#### DATA UNDER STUDY ####

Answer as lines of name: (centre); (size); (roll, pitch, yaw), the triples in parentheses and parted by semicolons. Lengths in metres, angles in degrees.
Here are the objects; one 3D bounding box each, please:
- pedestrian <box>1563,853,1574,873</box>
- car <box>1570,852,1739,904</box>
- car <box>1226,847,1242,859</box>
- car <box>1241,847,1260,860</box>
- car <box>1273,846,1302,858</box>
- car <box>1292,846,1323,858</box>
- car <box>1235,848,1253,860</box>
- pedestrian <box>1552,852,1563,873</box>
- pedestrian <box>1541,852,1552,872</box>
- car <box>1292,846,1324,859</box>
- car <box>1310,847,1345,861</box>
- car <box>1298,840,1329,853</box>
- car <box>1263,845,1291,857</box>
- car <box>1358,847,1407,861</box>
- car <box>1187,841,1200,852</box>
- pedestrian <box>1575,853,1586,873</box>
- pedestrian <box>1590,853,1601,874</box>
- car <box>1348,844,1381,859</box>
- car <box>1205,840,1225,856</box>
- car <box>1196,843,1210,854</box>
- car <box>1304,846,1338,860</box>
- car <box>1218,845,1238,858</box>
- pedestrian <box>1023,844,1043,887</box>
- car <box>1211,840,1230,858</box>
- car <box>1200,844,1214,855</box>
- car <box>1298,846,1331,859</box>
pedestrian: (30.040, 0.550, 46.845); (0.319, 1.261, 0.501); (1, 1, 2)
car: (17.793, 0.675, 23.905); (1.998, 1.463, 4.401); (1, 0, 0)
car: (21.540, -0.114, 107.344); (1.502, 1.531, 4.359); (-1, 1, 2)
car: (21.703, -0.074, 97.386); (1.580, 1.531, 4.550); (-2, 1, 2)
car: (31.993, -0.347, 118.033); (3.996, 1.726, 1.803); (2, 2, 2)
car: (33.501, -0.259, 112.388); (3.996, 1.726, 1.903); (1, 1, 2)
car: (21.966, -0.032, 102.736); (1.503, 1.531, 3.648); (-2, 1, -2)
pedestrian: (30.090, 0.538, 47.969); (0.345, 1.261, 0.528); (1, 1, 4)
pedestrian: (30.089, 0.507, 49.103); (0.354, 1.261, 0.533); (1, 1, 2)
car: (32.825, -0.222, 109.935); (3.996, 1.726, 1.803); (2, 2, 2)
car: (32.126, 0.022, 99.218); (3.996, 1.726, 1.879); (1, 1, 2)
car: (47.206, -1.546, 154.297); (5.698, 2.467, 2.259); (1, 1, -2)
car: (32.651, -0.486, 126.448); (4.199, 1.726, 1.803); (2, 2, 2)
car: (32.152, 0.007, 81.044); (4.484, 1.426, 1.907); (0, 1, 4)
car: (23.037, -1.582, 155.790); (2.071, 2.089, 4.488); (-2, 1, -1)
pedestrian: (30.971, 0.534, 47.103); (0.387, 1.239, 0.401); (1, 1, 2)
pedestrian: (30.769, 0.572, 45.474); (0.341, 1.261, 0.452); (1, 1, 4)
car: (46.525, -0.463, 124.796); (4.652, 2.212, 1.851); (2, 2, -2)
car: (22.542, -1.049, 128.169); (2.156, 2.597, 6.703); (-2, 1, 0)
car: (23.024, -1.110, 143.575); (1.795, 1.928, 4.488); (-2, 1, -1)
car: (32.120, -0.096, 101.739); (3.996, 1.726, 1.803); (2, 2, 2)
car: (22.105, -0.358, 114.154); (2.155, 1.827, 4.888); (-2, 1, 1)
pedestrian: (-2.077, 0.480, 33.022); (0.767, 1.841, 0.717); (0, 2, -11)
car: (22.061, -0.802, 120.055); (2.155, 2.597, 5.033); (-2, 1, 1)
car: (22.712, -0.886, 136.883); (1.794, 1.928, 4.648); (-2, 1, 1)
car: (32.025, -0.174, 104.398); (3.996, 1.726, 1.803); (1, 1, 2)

####
#### DATA UNDER STUDY ####

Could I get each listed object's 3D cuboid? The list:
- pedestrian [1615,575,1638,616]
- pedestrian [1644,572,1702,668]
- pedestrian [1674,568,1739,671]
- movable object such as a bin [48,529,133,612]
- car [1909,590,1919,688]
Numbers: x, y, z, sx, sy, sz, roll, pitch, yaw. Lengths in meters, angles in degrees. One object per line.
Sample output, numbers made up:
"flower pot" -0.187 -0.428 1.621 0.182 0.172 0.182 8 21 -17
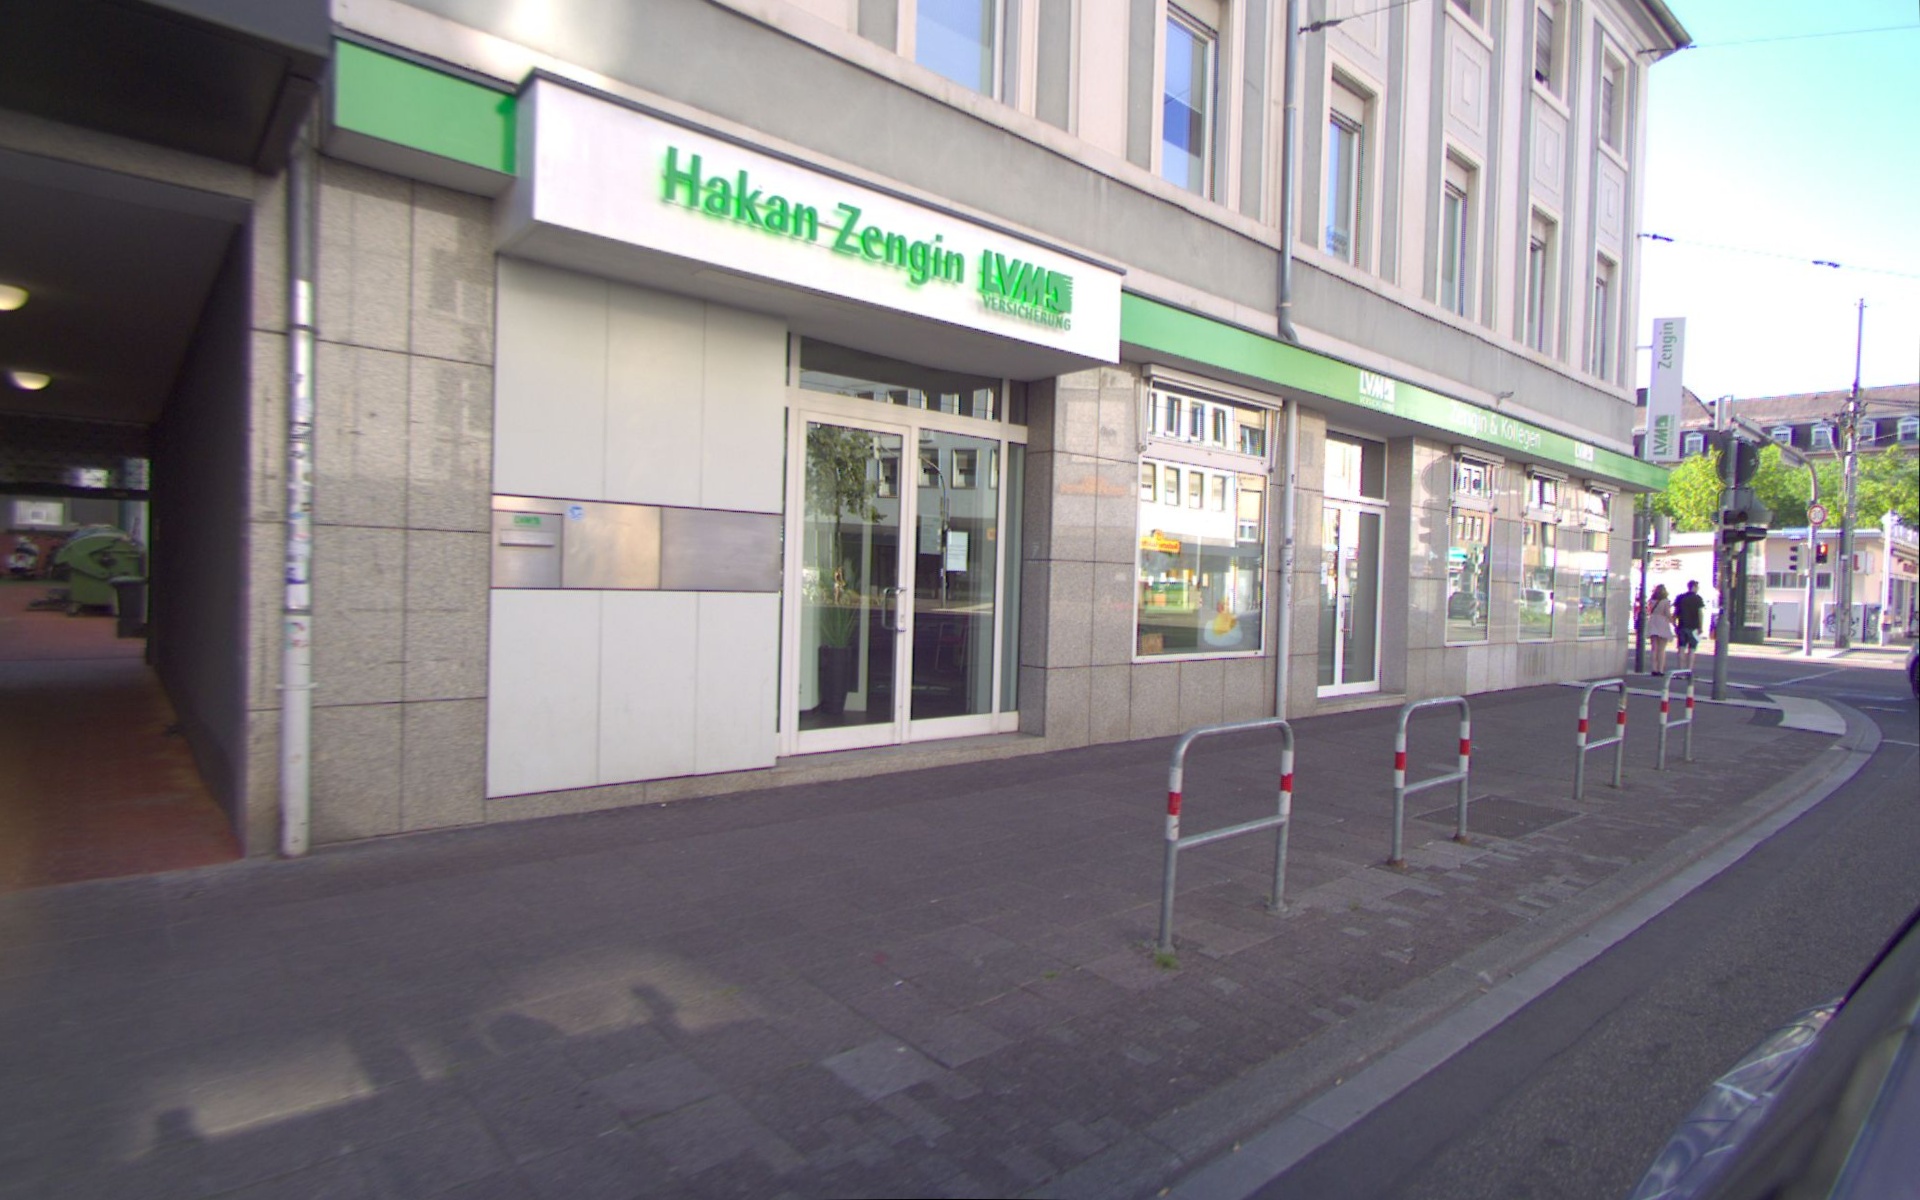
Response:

####
#### DATA UNDER STUDY ####

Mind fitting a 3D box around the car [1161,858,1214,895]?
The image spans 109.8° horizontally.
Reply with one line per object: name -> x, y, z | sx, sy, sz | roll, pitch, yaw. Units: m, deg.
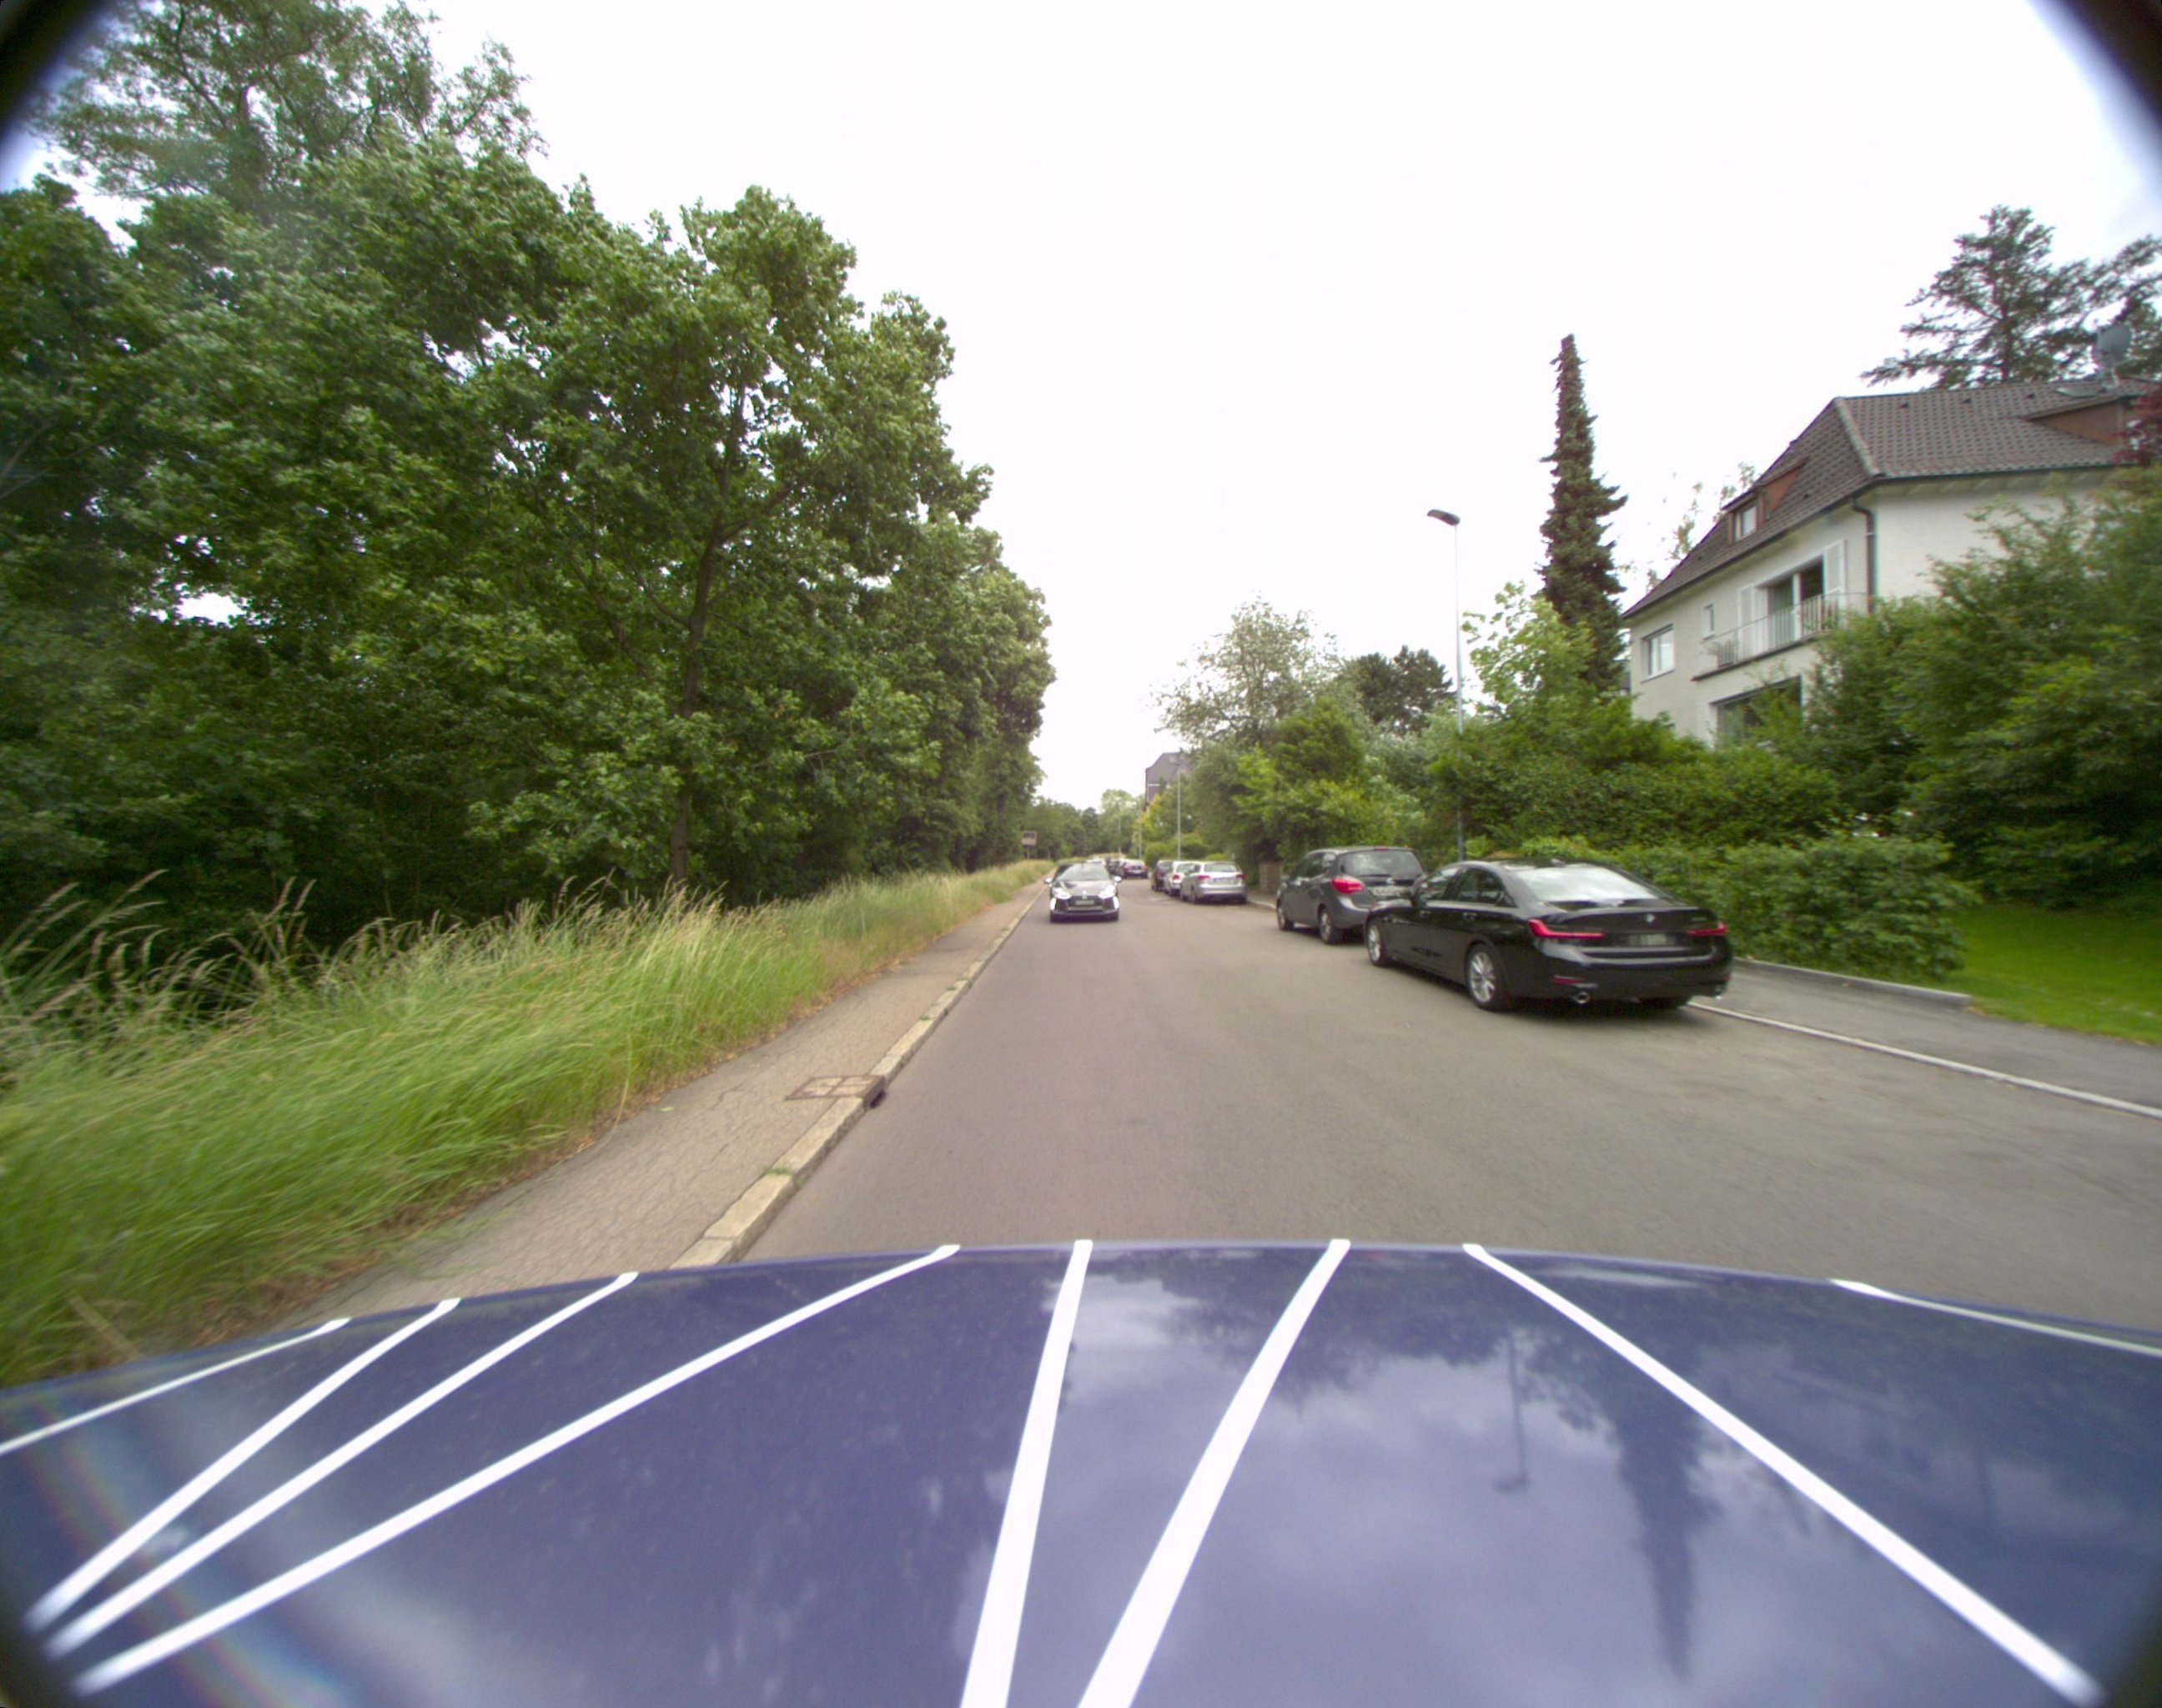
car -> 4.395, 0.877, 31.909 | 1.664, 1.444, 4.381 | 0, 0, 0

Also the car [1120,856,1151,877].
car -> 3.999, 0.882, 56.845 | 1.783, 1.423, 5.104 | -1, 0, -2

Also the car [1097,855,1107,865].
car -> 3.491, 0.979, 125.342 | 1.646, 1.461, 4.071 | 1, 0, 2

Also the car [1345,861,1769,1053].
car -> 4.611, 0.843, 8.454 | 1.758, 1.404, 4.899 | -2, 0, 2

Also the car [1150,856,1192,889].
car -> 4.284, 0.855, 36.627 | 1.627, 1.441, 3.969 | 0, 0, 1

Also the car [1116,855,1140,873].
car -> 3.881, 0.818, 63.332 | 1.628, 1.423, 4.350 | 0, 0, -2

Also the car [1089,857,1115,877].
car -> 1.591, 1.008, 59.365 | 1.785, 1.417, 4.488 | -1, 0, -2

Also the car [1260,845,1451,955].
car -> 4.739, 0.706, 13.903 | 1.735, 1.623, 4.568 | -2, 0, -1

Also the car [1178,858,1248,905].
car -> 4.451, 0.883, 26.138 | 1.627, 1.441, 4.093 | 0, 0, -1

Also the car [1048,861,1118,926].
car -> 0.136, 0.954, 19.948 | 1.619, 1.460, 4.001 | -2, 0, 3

####

For each line of the entries that holds the word "degrees", pull that line out.

REPLY TO THE EXERCISE.
Answer as lines of name: (centre); (size); (roll, pitch, yaw), the triples in parentheses and parted by semicolons. Lengths in metres, angles in degrees.
Numbers: x, y, z, sx, sy, sz, roll, pitch, yaw. Lengths in meters, angles in degrees. One object per line.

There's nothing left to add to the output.